Databases in health and environment have been developed for several years. They evolve and are in full expansion. Actions to identify and monitor the quality of the environment for soils, water and air are conducted by different agencies, institutes or observatories. The production of this type of data and advances in computer technology allow their reuse in conceptual frameworks and with objectives different from those that prevailed in their implementation. The emergence of quality data and their integration into GIS make it possible to conduct territorial analysis work. These environmental data reflect the actual contamination of the environment and therefore of the global exposure of the populations. The indicators based on these data allow to characterize the population's exposure and its evolution regarding the implementation of public prevention policies. In the context of reuse of this type of data for the purpose of expology, a database must be set up in which the variables are associated with the modes of exposure (concentrations in the environmental and exposure media are present, eating behavior, space-time budget, ...).
These variables must know several stages of process to allow the construction of indicators:
- the identification of data sources allowing the construction of the different variables,
- the acquisition of these data in view of the access modalities, the financial, legal or human aspects,
- the analysis of the quality and representativeness of the databases regarding the objective of the study (choice of a database, validity and representativeness of the data) sometimes involving the approximation or the application of simplifying assumptions,
- the preprocessing of databases: cleaning the databases, rebuilding missing data,
- the construction of ad-hoc data where the appropriate data sources are not available or exhaustive in relation to the objectives of the study,
- data transformation (homogenization, aggregation or disaggregation of data).
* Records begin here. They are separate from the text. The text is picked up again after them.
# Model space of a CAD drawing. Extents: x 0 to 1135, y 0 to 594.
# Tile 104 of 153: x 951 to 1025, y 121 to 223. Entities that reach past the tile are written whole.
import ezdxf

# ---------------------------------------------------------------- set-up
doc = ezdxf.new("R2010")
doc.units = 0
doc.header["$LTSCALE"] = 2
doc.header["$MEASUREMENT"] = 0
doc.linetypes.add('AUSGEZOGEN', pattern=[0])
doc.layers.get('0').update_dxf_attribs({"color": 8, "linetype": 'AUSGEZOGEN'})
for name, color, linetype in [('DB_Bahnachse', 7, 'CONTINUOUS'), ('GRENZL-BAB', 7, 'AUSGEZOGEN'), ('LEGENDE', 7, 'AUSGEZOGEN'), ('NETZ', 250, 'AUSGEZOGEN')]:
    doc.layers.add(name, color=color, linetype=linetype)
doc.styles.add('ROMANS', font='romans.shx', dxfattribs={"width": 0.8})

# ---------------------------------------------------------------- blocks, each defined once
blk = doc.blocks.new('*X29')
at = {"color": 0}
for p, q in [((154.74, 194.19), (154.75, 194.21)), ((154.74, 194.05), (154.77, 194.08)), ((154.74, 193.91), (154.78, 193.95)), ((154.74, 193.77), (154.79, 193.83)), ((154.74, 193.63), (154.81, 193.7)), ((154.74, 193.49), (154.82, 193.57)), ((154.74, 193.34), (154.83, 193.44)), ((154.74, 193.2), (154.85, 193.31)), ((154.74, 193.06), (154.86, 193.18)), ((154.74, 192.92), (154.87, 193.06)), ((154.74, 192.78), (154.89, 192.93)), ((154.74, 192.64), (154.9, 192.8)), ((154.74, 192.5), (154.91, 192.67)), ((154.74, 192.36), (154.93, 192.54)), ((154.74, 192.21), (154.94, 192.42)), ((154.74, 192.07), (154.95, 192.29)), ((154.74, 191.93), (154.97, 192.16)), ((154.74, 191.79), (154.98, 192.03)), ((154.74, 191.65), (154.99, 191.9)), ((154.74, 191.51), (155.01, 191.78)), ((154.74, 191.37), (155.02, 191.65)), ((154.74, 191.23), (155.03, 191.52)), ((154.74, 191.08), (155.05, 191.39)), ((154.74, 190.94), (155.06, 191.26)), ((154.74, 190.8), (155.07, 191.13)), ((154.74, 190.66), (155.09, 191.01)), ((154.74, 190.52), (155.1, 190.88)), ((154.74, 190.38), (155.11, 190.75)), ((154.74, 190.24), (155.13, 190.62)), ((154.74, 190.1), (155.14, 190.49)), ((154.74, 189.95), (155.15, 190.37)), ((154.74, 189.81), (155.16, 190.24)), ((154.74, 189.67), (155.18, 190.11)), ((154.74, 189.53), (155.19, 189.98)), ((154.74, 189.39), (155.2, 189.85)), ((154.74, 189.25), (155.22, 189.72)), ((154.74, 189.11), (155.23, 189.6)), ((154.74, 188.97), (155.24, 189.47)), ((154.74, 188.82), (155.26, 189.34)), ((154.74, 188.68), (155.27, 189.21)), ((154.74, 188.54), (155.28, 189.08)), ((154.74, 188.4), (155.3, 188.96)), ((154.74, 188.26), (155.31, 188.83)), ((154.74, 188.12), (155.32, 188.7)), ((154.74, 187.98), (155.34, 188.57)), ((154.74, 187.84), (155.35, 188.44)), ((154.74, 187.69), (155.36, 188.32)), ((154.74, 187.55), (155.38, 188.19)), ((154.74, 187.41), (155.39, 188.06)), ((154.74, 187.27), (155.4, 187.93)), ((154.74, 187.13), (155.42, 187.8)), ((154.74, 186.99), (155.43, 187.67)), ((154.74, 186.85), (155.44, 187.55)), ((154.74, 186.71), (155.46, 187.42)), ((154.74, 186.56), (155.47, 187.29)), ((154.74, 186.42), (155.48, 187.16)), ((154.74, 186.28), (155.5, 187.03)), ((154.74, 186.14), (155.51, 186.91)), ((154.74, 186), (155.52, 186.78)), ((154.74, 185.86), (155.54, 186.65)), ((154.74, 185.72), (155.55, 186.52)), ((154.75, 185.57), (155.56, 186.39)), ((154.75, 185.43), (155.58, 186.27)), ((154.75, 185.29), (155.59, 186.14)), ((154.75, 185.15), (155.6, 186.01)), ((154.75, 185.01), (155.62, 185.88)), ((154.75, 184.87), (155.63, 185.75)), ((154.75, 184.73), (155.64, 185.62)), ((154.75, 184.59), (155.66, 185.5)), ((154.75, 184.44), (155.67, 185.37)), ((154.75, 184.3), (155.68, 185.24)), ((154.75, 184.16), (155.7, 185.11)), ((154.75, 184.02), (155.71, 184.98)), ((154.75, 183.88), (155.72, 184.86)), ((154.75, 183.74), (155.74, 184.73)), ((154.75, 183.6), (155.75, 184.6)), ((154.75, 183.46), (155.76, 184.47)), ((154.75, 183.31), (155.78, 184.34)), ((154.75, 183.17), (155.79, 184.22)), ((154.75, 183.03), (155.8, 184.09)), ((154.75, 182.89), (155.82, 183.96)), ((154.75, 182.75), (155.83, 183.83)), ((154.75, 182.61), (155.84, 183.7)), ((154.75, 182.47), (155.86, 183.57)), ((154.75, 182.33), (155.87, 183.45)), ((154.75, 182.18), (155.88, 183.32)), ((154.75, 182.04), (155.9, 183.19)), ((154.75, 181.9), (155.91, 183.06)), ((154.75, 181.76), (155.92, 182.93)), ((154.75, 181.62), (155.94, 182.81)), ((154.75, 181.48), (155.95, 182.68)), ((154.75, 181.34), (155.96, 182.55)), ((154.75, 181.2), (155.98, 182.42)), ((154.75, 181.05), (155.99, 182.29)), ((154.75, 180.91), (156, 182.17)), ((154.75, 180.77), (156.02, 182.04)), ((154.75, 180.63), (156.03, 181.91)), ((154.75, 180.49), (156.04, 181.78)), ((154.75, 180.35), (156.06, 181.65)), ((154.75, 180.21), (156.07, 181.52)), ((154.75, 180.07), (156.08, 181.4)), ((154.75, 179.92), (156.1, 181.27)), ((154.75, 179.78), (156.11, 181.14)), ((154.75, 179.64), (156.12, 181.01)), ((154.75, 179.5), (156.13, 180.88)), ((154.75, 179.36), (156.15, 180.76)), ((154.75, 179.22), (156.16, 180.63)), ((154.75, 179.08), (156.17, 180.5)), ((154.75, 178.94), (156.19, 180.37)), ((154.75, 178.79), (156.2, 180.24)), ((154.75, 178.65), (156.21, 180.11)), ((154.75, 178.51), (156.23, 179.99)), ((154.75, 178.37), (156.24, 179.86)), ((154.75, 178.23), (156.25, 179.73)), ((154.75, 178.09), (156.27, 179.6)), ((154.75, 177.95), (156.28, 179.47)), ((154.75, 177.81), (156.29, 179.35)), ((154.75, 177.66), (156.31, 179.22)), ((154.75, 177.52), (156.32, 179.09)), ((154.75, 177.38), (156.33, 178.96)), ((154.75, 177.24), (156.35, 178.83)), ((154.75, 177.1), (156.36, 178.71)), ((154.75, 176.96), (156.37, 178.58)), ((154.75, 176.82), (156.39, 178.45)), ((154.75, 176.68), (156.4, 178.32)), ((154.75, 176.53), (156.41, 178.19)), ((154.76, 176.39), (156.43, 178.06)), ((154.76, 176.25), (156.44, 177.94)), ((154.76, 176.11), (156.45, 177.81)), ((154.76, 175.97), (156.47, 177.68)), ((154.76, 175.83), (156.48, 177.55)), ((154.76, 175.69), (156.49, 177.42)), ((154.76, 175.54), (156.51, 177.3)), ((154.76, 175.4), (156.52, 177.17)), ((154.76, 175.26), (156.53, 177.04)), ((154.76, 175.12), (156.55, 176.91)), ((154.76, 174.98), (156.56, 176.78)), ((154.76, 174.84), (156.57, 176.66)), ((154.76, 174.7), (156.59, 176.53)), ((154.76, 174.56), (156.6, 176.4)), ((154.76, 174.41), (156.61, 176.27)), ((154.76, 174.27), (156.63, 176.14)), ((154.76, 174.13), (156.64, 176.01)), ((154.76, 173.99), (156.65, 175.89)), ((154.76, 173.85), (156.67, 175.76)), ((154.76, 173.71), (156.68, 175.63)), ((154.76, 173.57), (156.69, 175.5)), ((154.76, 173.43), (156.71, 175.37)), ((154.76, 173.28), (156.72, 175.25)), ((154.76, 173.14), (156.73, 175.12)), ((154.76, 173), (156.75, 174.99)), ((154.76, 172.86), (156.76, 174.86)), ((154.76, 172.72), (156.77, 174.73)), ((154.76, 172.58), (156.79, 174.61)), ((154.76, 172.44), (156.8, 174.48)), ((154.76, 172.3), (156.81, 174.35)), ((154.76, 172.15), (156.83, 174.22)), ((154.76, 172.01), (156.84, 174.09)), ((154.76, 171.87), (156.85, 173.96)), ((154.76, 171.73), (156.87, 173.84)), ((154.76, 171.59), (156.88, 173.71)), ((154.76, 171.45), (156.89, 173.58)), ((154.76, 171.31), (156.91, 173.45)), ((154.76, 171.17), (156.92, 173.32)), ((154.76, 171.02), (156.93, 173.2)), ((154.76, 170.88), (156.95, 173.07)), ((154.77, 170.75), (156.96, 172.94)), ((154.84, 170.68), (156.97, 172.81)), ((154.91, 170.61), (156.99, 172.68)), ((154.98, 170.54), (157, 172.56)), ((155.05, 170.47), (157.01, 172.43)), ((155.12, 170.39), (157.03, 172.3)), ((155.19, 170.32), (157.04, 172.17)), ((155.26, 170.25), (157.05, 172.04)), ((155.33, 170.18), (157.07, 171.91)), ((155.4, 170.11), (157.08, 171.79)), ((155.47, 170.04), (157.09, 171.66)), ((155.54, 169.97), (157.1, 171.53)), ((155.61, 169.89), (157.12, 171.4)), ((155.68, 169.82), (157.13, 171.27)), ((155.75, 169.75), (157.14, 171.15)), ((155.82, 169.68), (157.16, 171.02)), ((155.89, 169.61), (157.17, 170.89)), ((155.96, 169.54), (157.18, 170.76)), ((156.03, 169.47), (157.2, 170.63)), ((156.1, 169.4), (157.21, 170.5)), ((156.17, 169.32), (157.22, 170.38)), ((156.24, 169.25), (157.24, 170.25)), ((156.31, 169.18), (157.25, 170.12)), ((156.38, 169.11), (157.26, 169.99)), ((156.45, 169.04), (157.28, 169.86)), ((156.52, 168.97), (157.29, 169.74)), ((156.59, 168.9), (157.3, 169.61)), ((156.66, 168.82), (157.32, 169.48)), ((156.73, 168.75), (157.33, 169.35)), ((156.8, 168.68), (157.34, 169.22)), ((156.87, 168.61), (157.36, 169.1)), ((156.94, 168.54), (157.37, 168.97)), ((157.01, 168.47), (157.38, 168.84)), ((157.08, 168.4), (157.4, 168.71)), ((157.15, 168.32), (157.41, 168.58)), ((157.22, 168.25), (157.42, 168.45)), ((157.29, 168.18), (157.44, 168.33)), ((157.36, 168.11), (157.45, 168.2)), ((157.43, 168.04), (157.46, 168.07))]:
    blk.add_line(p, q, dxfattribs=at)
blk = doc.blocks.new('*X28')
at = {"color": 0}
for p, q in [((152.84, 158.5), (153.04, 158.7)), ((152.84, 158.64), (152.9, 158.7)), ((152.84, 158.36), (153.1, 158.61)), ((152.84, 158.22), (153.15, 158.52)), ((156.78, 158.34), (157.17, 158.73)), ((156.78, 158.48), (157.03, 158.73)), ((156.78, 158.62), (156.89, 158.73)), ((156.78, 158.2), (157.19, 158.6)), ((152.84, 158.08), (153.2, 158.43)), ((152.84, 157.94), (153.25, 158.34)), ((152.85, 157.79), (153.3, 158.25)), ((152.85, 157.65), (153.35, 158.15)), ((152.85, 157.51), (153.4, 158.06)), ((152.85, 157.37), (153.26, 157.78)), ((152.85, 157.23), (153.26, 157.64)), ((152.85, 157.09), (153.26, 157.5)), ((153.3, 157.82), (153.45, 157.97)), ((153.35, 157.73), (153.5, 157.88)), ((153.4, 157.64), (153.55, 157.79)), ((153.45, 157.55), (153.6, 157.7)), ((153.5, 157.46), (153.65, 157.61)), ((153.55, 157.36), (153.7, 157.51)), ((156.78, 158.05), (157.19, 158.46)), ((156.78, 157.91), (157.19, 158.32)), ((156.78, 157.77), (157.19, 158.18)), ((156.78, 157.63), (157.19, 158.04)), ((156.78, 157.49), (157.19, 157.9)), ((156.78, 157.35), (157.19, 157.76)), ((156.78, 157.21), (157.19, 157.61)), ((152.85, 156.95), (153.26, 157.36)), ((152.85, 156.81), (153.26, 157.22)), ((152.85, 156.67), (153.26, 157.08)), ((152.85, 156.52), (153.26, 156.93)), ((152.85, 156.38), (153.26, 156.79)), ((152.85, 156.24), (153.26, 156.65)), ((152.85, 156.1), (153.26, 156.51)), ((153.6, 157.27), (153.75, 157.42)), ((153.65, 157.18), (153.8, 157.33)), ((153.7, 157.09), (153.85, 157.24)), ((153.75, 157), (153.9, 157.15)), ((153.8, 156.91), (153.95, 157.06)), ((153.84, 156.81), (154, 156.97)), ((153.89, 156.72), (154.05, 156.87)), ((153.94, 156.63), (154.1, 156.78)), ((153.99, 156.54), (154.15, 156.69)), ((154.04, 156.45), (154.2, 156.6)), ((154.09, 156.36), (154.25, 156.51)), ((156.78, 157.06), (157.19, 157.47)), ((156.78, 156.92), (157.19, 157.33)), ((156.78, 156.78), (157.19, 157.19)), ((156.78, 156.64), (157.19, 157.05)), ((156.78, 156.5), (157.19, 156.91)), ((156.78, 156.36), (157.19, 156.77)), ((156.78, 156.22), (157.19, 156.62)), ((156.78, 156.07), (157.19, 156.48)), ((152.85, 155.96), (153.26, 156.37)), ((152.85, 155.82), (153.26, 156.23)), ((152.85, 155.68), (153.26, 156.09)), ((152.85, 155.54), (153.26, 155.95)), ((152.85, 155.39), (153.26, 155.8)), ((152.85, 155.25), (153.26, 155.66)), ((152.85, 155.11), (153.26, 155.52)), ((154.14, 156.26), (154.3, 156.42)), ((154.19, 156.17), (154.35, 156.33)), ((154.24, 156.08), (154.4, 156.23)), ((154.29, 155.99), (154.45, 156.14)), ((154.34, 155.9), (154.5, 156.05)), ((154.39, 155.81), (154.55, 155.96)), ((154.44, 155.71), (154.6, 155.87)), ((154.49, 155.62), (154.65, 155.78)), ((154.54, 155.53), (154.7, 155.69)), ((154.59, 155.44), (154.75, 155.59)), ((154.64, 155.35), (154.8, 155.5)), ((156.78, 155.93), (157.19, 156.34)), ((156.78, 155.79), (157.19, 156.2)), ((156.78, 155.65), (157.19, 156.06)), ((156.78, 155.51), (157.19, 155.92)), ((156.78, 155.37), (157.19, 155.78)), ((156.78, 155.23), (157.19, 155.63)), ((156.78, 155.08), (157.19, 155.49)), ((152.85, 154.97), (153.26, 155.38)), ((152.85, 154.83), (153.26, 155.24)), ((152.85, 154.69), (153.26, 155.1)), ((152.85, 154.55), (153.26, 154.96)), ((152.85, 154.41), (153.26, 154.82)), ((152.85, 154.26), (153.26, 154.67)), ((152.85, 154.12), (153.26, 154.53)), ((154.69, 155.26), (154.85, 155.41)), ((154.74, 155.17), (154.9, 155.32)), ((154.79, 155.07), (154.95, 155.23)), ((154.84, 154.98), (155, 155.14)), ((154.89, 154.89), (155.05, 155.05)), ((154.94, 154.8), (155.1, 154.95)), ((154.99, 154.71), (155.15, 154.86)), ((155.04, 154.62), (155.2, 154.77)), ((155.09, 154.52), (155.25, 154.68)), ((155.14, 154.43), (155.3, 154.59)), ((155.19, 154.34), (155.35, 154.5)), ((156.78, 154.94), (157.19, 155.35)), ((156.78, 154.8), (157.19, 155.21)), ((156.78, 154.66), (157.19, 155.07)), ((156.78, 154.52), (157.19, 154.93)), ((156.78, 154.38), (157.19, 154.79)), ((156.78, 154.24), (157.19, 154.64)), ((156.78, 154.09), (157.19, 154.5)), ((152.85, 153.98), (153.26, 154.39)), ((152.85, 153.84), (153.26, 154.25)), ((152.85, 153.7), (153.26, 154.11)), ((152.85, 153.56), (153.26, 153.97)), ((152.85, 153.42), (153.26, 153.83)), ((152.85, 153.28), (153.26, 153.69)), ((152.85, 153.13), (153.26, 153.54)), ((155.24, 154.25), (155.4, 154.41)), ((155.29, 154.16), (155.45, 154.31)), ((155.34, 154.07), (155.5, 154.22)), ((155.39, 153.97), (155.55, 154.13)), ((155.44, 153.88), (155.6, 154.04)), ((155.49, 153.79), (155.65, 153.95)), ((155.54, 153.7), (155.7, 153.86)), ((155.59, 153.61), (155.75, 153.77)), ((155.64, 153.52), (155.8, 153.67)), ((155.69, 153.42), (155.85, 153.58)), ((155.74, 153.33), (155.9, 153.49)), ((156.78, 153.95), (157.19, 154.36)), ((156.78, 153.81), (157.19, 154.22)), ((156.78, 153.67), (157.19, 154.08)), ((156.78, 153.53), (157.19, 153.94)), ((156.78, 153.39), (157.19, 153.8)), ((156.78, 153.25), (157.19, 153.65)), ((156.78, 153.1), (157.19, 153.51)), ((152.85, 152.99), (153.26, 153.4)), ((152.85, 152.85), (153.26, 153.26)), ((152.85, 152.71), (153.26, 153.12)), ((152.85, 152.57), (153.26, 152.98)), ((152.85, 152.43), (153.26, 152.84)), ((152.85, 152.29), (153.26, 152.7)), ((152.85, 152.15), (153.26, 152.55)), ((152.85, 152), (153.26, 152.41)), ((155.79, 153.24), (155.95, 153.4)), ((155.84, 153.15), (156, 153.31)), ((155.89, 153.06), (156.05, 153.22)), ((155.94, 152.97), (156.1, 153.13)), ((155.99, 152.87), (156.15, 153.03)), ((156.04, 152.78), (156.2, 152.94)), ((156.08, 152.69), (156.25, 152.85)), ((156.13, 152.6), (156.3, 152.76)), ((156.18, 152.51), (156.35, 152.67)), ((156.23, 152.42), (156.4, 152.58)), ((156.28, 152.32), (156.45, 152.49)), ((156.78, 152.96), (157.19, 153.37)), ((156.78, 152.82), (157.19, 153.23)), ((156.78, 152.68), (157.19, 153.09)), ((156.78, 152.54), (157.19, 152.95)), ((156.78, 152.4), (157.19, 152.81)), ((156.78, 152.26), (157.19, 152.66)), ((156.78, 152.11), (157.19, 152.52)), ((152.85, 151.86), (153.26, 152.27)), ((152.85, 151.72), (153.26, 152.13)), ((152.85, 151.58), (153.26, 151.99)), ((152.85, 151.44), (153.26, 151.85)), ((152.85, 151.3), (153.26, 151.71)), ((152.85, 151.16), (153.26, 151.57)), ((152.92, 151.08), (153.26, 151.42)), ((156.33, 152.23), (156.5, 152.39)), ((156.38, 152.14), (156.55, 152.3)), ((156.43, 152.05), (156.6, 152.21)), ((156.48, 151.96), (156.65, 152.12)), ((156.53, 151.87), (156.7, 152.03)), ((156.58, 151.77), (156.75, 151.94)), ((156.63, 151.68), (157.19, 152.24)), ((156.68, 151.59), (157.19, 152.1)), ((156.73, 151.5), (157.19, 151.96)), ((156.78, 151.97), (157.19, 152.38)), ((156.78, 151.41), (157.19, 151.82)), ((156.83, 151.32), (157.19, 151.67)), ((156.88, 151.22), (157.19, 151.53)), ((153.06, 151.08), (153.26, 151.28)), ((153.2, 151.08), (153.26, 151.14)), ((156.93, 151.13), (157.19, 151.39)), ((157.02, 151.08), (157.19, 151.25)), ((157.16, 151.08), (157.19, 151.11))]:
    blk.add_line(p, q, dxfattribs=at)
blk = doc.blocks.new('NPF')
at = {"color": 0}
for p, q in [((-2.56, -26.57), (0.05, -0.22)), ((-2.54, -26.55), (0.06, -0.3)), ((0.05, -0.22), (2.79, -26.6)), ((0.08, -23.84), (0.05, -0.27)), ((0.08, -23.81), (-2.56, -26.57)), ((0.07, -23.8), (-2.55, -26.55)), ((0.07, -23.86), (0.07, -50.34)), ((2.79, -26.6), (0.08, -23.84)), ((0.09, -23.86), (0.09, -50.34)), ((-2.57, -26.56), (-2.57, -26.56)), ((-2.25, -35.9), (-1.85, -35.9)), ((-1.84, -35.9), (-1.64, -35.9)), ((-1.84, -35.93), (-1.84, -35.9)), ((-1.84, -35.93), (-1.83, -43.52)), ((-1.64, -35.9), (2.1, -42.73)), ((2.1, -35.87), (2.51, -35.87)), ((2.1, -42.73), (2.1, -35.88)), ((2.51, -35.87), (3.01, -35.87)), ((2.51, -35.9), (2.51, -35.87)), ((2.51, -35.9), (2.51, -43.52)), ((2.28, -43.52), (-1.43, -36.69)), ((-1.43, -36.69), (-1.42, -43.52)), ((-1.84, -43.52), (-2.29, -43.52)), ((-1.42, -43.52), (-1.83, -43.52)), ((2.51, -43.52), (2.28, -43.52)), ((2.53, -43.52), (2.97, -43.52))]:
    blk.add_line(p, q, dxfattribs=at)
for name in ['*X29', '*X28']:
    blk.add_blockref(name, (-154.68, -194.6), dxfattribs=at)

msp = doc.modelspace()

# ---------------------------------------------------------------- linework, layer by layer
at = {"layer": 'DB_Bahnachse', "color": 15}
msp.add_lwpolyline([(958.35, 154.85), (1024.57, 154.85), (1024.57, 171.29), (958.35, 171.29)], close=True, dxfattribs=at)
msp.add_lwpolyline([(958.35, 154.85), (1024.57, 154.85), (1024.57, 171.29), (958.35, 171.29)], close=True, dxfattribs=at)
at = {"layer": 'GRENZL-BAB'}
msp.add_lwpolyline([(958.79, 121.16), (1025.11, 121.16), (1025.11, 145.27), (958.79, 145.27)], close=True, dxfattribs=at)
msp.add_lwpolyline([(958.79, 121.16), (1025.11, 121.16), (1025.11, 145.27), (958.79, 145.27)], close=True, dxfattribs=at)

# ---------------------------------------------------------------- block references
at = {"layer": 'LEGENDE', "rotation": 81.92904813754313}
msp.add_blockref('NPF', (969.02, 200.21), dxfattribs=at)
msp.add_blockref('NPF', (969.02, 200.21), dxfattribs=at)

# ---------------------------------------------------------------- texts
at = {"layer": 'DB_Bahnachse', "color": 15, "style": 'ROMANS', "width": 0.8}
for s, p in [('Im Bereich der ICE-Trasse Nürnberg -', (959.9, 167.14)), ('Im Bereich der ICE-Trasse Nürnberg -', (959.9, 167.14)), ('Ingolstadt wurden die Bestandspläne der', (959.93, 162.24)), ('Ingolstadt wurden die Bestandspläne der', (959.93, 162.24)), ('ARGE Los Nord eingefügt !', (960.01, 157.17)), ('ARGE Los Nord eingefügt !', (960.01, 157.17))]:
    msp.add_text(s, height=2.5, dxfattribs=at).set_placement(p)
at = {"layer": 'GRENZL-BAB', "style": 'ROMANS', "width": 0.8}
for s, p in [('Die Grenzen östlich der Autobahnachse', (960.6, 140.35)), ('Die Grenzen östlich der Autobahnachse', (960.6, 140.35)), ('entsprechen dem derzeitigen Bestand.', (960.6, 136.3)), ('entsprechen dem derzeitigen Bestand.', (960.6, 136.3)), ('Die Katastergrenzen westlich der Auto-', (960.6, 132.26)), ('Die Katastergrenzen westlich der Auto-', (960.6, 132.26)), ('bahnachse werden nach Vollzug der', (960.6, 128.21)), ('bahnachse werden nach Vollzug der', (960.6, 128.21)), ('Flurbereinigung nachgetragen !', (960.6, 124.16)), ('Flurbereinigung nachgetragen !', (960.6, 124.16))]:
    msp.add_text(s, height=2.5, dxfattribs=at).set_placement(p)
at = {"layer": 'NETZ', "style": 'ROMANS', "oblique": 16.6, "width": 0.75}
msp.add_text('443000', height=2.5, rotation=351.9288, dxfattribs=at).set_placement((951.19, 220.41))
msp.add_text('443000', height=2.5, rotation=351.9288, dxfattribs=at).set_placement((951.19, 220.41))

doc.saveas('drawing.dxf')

The estimation of exposure requires knowledge of the concentrations of environmental compartments to which an individual or a population is exposed. These concentrations can be measured or modeled. A wide range of data might potentially be mobilized for integrated assessment. The database selection or study design definition should be guided to reach the best compromise between data representativeness and method robustness, consistent with the objectives of the study.
Characteristics of air pollution (e.g., chemical components, particle properties) vary spatially [13] and may differ between areas near and far from monitors [14]. Automated monitoring networks operate in Europe providing detailed air quality information on a regular basis. The soil routes of exposure to humans are inhalation of dust and vapor coming from soil contaminants, ingestion of contaminated soil particles (mainly for children) or contaminated food, and dermal absorption through the skin. Once a site is considered as contaminated, it is necessary to provide enough accurate data to minimize lack of statistical representativeness and increase the spatial quantification. The time spent for evaluating the presence and extent of contamination can be reduced by an adequate sampling plan [15] which can at the same time, reduce the project costs [16]. A soil monitoring system could be the source of the comparable and objective data on the current state and evolution of soils. The database of the soil monitoring system allows the creation and maintenance of data for each of the monitoring sites of agricultural land as well as the preparation of data for further processing through specialized programs [17]. Position information provides a link to the GIS, and thus opens the possibilities for further spatial analysis, the identification of risk areas and their assessment. By example, in France, soil pollutant stocks and properties and most explanatory variables were derived from the French National Soil Monitoring Network (Réseau de Mesures de la Qualité des Sols or RMQS). The RMQS surveys soils and their properties on a regular 16 km grid across the French mainland territory (around 2,200 sites covering 550,000 km²) [18].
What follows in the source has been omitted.